(Saved entries)
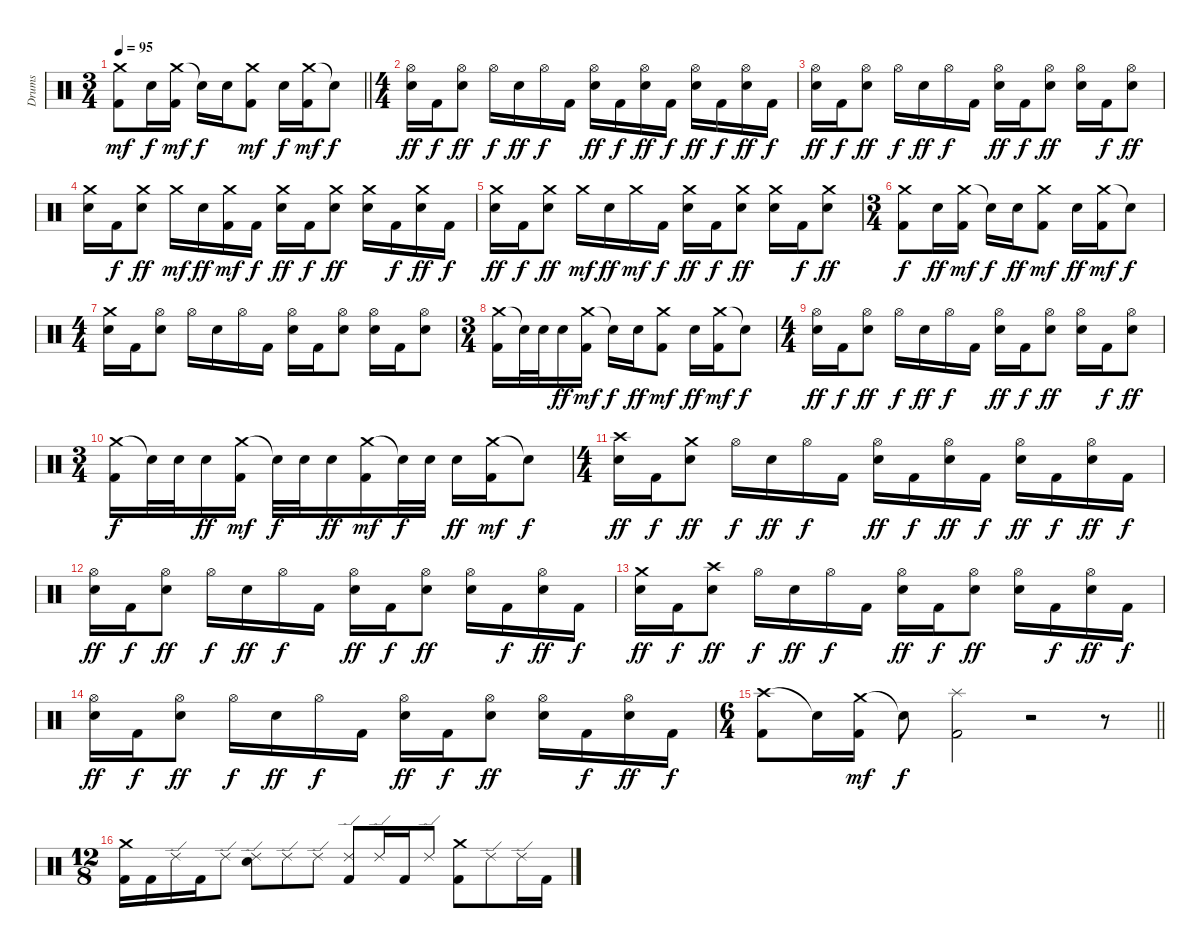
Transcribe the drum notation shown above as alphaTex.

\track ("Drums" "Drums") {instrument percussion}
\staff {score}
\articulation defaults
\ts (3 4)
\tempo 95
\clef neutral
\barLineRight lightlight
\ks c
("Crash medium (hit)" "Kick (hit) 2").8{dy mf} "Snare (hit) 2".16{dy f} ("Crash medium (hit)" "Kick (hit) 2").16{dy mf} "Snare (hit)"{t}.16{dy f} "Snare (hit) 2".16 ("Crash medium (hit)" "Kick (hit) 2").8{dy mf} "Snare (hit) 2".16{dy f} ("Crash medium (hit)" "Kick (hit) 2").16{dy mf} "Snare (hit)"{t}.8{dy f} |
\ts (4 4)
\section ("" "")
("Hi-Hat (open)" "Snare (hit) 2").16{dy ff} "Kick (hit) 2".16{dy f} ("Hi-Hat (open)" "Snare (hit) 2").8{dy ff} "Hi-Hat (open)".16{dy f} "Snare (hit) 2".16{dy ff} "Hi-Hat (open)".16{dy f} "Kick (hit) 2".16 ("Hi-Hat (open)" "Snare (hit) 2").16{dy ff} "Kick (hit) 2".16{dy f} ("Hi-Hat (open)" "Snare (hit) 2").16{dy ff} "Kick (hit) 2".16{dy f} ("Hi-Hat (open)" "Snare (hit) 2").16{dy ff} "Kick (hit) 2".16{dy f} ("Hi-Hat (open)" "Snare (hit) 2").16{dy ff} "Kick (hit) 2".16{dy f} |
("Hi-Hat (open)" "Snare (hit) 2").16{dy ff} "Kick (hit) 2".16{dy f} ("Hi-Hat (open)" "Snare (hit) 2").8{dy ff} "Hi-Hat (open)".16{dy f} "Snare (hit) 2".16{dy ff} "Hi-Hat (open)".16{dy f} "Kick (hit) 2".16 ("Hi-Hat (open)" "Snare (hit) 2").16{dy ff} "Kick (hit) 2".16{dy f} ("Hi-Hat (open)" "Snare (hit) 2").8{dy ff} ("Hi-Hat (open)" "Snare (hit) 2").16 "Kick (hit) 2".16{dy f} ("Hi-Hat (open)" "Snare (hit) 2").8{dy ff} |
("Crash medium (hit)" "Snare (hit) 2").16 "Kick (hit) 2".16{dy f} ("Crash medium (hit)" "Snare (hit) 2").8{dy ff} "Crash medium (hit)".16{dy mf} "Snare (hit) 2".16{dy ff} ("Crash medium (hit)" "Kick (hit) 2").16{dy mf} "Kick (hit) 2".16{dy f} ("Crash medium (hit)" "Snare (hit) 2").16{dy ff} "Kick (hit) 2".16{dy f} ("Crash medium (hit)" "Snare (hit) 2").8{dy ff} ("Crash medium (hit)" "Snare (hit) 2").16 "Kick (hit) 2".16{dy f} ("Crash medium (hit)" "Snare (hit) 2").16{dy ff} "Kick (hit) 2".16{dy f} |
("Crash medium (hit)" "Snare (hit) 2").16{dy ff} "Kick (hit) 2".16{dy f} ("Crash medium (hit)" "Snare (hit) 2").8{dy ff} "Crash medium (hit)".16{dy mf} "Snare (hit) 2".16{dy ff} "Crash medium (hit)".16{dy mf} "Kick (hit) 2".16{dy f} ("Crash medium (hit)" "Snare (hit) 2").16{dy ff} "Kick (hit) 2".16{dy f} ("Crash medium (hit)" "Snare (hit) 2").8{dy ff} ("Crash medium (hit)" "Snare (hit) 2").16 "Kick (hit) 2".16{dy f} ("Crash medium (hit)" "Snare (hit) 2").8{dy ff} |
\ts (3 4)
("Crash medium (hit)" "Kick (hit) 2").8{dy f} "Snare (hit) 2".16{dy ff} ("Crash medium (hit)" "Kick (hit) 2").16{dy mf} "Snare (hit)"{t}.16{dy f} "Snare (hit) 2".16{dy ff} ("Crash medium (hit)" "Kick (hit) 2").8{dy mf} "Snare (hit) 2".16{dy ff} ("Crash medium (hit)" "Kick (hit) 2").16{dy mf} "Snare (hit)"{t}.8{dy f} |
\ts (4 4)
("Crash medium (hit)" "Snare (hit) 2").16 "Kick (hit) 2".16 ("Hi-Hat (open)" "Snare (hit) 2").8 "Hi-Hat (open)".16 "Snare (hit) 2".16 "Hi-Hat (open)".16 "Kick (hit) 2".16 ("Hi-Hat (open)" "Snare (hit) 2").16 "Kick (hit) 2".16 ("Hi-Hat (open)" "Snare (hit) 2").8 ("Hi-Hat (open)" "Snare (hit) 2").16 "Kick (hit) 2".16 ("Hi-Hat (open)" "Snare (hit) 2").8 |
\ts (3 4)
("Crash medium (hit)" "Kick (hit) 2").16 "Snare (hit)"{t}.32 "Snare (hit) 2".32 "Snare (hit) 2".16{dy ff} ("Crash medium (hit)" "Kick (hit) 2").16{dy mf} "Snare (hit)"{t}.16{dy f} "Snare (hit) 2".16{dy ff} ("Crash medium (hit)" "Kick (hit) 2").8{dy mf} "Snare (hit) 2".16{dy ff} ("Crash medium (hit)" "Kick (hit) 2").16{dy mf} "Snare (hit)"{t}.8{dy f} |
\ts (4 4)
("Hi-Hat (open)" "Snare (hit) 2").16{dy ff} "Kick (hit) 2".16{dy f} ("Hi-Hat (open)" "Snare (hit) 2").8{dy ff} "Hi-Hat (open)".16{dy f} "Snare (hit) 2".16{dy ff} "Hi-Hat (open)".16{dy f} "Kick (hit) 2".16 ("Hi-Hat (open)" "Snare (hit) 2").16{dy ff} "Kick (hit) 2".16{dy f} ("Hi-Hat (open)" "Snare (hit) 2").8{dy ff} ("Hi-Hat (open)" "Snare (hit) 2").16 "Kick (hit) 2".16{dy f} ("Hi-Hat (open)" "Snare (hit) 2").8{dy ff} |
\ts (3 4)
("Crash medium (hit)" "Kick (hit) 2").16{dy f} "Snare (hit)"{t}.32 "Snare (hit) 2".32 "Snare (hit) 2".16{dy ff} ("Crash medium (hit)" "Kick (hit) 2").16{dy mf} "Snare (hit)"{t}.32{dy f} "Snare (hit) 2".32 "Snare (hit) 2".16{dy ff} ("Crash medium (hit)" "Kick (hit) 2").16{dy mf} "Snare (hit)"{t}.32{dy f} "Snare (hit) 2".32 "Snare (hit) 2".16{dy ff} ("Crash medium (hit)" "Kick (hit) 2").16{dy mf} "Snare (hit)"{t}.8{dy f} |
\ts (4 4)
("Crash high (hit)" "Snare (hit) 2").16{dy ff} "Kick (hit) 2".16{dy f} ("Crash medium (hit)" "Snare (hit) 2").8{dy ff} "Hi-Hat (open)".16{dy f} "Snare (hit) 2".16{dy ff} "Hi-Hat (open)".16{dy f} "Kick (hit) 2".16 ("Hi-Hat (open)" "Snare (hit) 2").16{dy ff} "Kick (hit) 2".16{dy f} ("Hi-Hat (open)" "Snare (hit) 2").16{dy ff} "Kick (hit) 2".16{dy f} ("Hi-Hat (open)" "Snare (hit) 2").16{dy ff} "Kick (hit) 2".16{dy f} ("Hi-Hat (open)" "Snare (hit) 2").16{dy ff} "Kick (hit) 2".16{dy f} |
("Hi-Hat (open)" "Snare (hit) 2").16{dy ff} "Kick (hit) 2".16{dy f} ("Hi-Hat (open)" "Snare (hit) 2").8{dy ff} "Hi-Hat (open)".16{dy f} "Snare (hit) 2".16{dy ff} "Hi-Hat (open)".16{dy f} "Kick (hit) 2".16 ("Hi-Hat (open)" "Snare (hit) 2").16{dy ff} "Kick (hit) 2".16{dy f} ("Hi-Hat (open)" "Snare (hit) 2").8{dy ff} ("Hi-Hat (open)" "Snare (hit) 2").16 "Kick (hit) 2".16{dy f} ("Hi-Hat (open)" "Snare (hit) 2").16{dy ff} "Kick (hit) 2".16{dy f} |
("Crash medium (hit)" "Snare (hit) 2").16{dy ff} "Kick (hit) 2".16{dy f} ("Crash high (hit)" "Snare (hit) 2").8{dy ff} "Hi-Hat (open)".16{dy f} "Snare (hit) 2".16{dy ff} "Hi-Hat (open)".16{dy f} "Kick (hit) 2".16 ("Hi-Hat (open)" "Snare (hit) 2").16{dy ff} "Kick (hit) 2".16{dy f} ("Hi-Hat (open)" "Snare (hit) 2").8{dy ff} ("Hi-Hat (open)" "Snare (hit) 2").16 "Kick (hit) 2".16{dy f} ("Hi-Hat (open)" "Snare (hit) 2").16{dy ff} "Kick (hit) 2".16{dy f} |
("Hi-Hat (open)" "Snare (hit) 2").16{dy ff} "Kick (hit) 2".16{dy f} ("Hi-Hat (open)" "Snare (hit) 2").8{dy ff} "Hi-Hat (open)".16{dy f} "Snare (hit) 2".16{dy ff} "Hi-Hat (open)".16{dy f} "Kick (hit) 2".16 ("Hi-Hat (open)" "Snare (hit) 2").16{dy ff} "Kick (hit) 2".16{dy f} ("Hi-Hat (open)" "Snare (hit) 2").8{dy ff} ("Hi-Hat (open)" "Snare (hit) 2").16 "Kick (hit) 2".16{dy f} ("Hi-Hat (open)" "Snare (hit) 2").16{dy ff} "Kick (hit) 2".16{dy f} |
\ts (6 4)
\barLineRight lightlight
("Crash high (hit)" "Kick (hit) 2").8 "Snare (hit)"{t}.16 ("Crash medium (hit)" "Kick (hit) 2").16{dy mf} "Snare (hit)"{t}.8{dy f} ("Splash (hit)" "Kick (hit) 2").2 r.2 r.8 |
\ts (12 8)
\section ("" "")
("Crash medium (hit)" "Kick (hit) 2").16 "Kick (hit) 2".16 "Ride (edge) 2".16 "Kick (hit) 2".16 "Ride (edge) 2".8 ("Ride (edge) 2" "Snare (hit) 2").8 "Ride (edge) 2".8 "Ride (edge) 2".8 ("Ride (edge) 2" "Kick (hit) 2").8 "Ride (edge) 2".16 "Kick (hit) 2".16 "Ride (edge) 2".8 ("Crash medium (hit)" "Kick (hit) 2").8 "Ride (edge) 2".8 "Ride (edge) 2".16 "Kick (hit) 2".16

The problem
Lines containing the word "high": how many are there in the data above? Reply with only that number.

Solution
3